Input data →
***

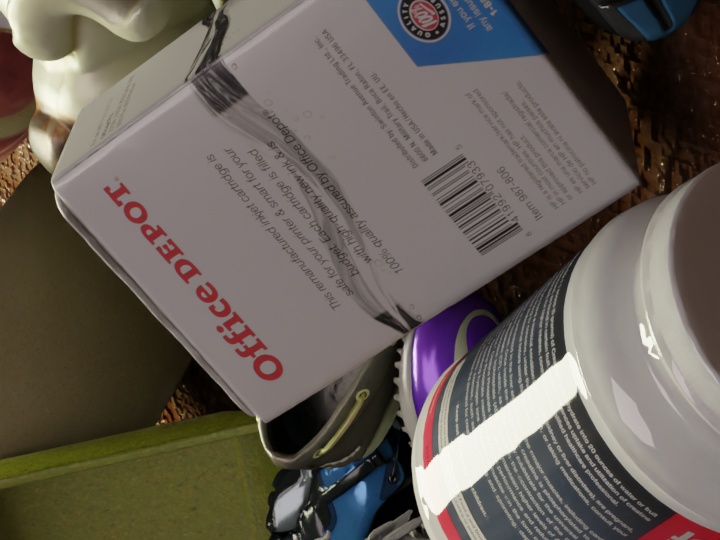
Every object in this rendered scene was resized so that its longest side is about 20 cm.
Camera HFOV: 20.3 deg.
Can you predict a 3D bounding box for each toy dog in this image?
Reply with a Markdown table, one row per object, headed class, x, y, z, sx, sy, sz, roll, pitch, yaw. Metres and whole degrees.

***

What the exercise asks →
Which of the lines above contain "object"? Return them all.

Result of this exercise →
Every object in this rendered scene was resized so that its longest side is about 20 cm.
Reply with a Markdown table, one row per object, headed class, x, y, z, sx, sy, sz, roll, pitch, yaw. Metres and whole degrees.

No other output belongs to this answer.